Europe has taken its fight to control the boatloads of African immigrants setting off for the Canary Islands to the coasts of western Africa
Patrol boats, planes and helicopters from Spain, Italy, Portugal and Finland are operating off the shores of Mauritania, Senegal and Cape Verde in a bid to stop the immigration at source.
Operation Hera II is the first of its kind for the European agency Frontex, led by the Spanish Guardia Civil [Civil Guard].
Guardia Civil Commander Eduardo Lobo, at the multinational Frontex HQ in Santa Cruz de Tenerife, says that in the three months that they have been operating off Mauritania, boats containing a total of 1,243 people have been intercepted and returned to shore.
"That's 1,243 who have not got to the Canaries," he says. "It is a preventative operation. If we locate and identify any illegal boat within 24 miles of the coast they are immediately returned."
If found outside that zone, the boats are escorted the extra 2,300km or so to the Canary Islands.
The Senegalese government's delay in granting permission for the operation to start along its coast has contributed in part to the fact that thousands are continuing to make the treacherous journey.
Operation Hera II has not been without its teething problems.
Commander Lobo says organising the authorisation, personnel and infrastructure for the crews has been time consuming and expensive. The European boats have African personnel on board and local vessels have Europeans.
"The Frontex members provide the platform and support them but they are the authority for intercepting and returning the boats," he says. "Little by little we are resolving the problems."
There have been rumours and speculation that the cayucos boats whose passengers arrive in a relatively good state of health after between eight to 10 days at sea have had help from bigger vessels - either towing or dropping them off within striking distance.
The Guardia Civil reject this theory.
"I do not believe there is anyone else helping the boats - with everything we have in the area we have not detected any bigger boat, only the cayucos and they are managing to reach the Canaries by themselves," says Commander Lobo.
Tenerife has seen more than 16,404 people arrive in more than 239 cayucos since 1 January.
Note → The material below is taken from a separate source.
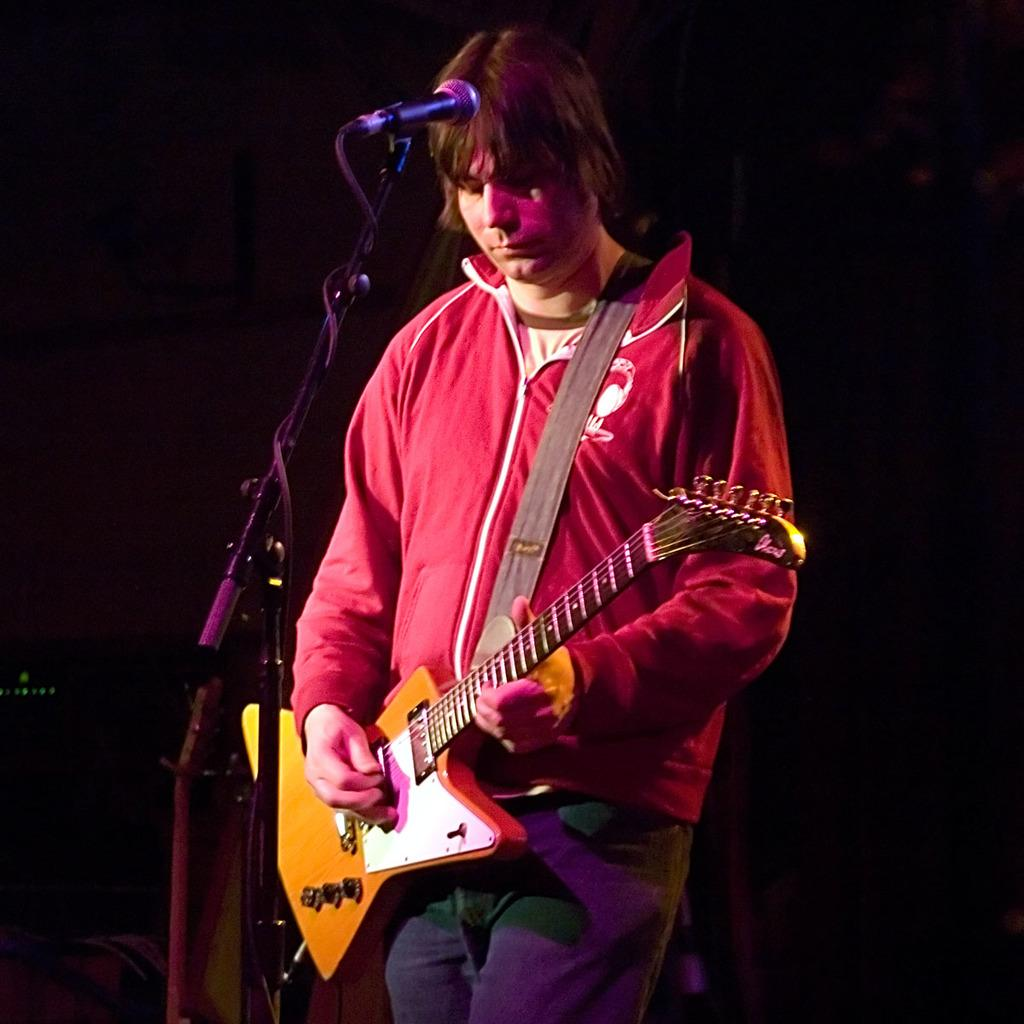What is the main subject of the image? The main subject of the image is a man standing in the center. What is the man holding in the image? The man is holding a musical instrument. Can you describe the setup in front of the man? There is a stand in front of the man. What device is present for amplifying sound in the image? There is a microphone (mic) in the image. What type of tramp can be seen in the image? There is no tramp present in the image. Is the man in the image reading a book? There is no book visible in the image, and the man is holding a musical instrument, not reading.

The cayucos are Senegalese fishing boats - sometimes with a frame for tarpaulin - and carry anything between 70 and 150 people crammed side by side.
But many of the cayucos are well equipped.
Some have two or three 40 horsepower engines and have barrels of diesel loaded below the makeshift wooden decks.
Food and water appears to be minimal, but among the putrid remnants left behind when the passengers are taken ashore are life jackets, gas cookers, pots and evidence of rice, onions and biscuits.
Red Cross emergency co-ordinator Austin Wainwright, based in Los Cristianos, Tenerife, says there are usually at least two, but often four or five, on board who have been taught how to navigate the boats.
"They also usually have hand-held GPS systems," he says. "But it depends on the sea conditions, how many days they have spent at sea etc. We treat some for dehydration, salt burns but others are OK.
"We have had about nine arrive dead in the boats, but how many have been lost at sea is anyone's guess. Unofficially I'd say about 1,000-2,000 this year."
International co-operation is also underway on the Canary Islands themselves in the form of Frontex's Hera I operation, led by the Spanish National Police.
Ten experts from Italy, France, Germany and Portugal are working in the islands' overstretched detention centres trying to identify the immigrants.
The Senegalese Interior Ministry says hundreds of illegal immigrants from Senegal will be repatriated as a result of this operation.
Now that the Senegalese part of Operation Hera II is also underway, Commander Lobo is sure it will help curb the flow of cayucos.
But he says that with the situation in Africa as it is, people will try to find other means. "Perhaps they will try bigger boats that can make longer journeys," he says.